The Stone Pillow

by | Dec 12, 2011 | 2 comments

Two analogies for how it is now:

It is just a little bit like when you’re driving someplace you go often and you don’t need to concentrate on the roads you take and turns you make.  You drive unconsciously until that moment when you look around and say, “Wait, where am I?”  You wonder if you missed the turn for a second because you were driving so unconsciously and suddenly everything looks unfamiliar.  Is that house with the blue and white awning usually there?  And then, yes, this is familiar.  And you continue driving a little more aware and a bit amazed at how you got there without even noticing it.  Where I am now, the mysticism lifting, the shock coming to a halt (not the horror which is more prevalent lately), everything looking completely unfamiliar as if I’ve been in another realm for the past 17 months.  I find I am even shocked that I’ve been writing in a blog and all of the details I’ve shared.  The difference is that, unlike the driving example, there is no moment of recognition now- just the realization that I must keep driving even though I’m off any map I’ve ever seen or route I’ve traveled before.  This car has no breaks.   The worst part is not the disorientation, or the inability to stop progressing through time, but it’s the fact that even on a perfectly “good” day where everything has gone “well,” the sense of waiting and incompleteness permeates every moment.  I have been unable to come up with words or analogies to describe this sense of incompleteness.

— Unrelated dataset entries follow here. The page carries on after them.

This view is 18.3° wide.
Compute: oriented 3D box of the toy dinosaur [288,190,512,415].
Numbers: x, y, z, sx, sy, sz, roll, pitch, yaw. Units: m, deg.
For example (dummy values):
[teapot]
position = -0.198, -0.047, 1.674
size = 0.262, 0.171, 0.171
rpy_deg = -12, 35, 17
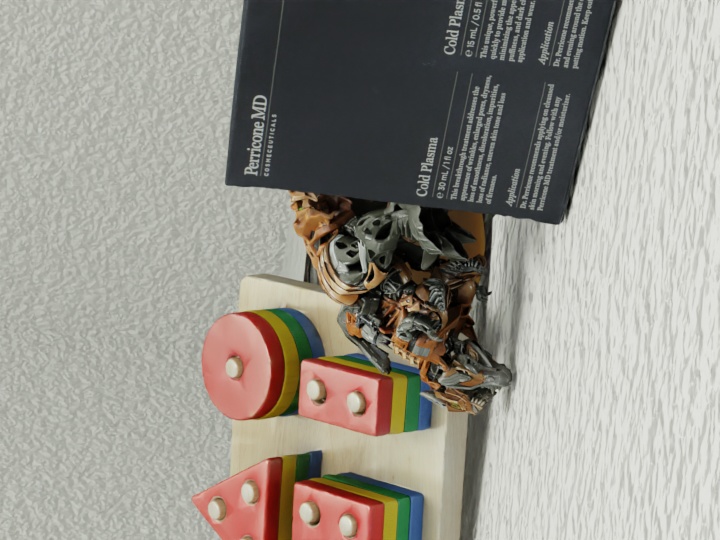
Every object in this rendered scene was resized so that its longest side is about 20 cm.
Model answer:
[toy dinosaur]
position = 0.016, -0.008, 1.288
size = 0.136, 0.200, 0.102
rpy_deg = -43, 18, 40

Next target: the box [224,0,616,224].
[box]
position = 0.031, -0.139, 1.148
size = 0.104, 0.182, 0.200
rpy_deg = -89, 8, -50

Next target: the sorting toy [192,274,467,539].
[sorting toy]
position = -0.030, 0.117, 1.422
size = 0.199, 0.070, 0.200
rpy_deg = 12, 102, 46

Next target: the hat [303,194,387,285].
[hat]
position = 0.000, 0.000, 1.631
size = 0.201, 0.081, 0.201
rpy_deg = -173, 90, -85

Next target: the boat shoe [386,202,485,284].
[boat shoe]
position = 0.051, -0.033, 1.483
size = 0.070, 0.070, 0.200
rpy_deg = 97, -175, -72
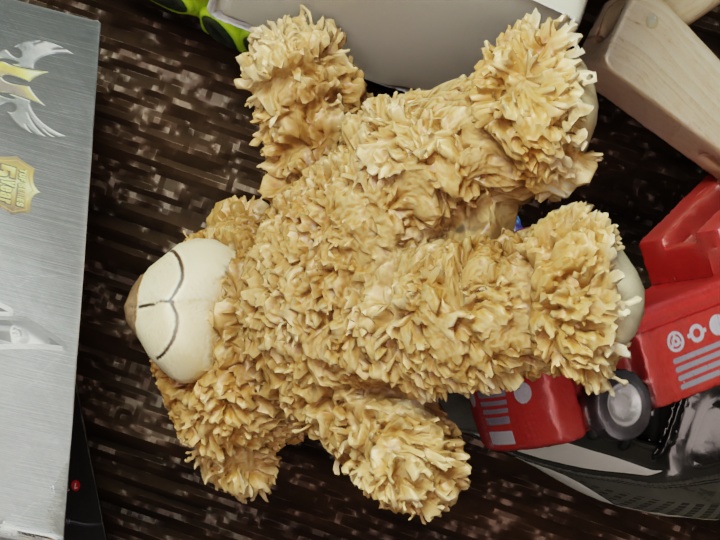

And second, it is like finding yourself trapped in a basement or bunker with little light or warmth and spending a long while, many months, puzzling over how to get out.  Looking for openings, windows, tunnels, certain that there has to be a way to get out as there was a way to get in.

Then you give up.
You try to get comfortable.
Like Jacob did before he saw his glorious vision, you put your head on the stone pillow.

JAC

December 12, 2011

2 Comments

  1. Anonymous

    Julia, I've been reading your blog for a while. I came across it a long time ago via the NYT. You write so beautifully that I've been following since then. I am so very sorry for your terrible loss. I just wanted to say that this post is particularly powerful in conveying how you are feeling. I know non-widows "don't get it", but I think I do get it, just a little, from reading your words. I wish for you that in the future, your journey will lead you past familiar sights that bring you comfort, and new territories, not yet imagined, that will grant you some peace and yes, even happiness. –Andra

    Reply
  2. mml

    Thank you for this post. It helps so much to read the words of someone who understands. Waiting and incompleteness really do permeate every moment…I could have never found the words to say it so well.